My mother was 17, cancer-orphaned,

about to be married when she saw the blood.

She thought she was injured or dying

of the family curse.


II.

They used to say cramps were all in our heads

And true, when I sat in the school nurse's

office at 11 or 12, or lay on the cot

away from the stress of the classroom,


I felt better.


But how to explain the agony at twenty?

I could not have in any way wished

that upon my aspirationally pristine self:

newly married, sweating, incontinent, trembling.

Or ten years later, shakily presenting in suits to suits.


Later they said the worst pain is childbirth,

and the worst cramps are as bad as labor.


For sixty days a year times forty years

I patched together regimes of Advil, alcohol, exercise,

sugar, sex, eventually hormones, and, unlike many,

now, so scared that the train pulling up to the station

will jump its tracks, I was and remain ecstatic

at this journey's termination.


III.

Write the woman’s name on a piece of paper. It won't hurt her,

they assured me. It only keeps her from further hurting you.

Put it in a plastic container, sealed in your freezer.

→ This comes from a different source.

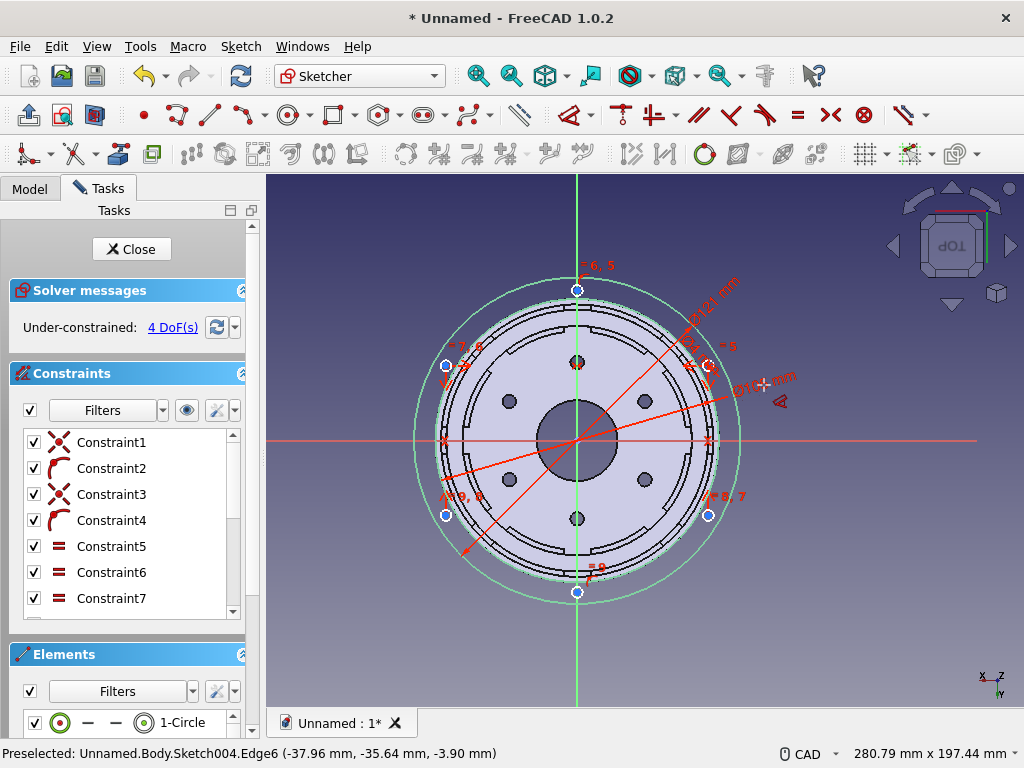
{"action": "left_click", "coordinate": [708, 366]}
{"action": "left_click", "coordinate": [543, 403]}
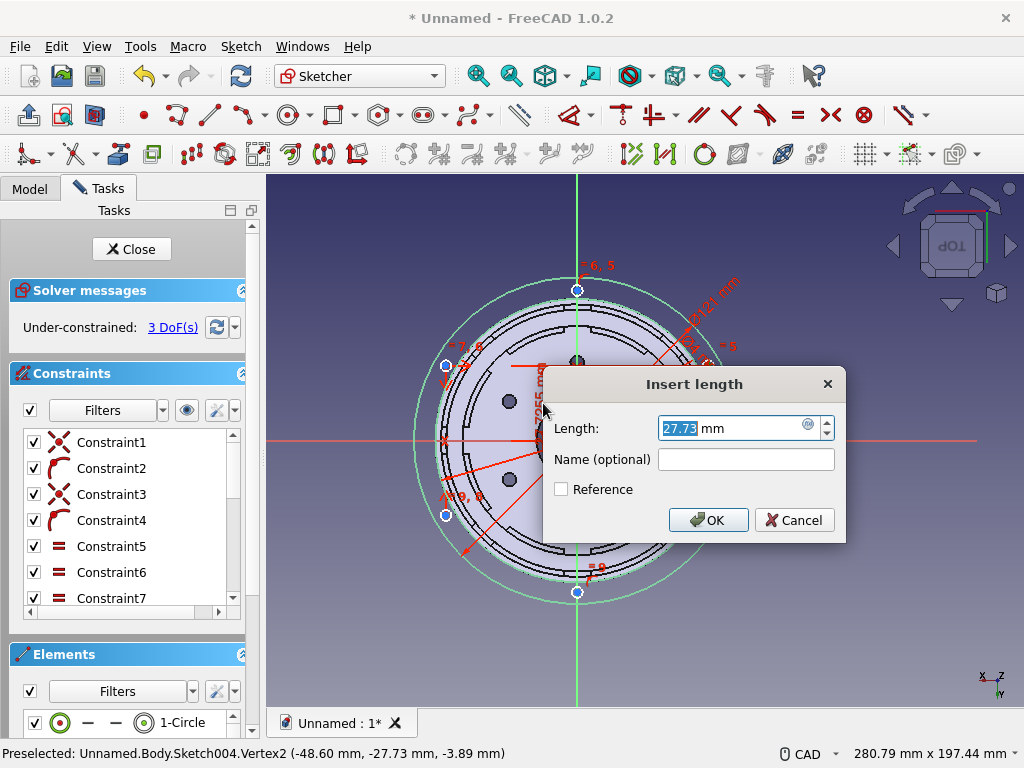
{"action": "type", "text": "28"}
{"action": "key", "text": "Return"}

Something happened. Something terrible.

I hope she learned from it. I hope I did.




 

Julie Benesh has published work in Tin House, Crab Orchard Review, Florida Review, Another Chicago Magazine (forthcoming), Hobart, JMWW, Maudlin House, New World Writing, Cleaver, Sky Island Journal (forthcoming) and elsewhere. She is a graduate of Warren Wilson College's MFA Program and the recipient of an Illinois Arts Council Grant. Read more at juliebenesh.com.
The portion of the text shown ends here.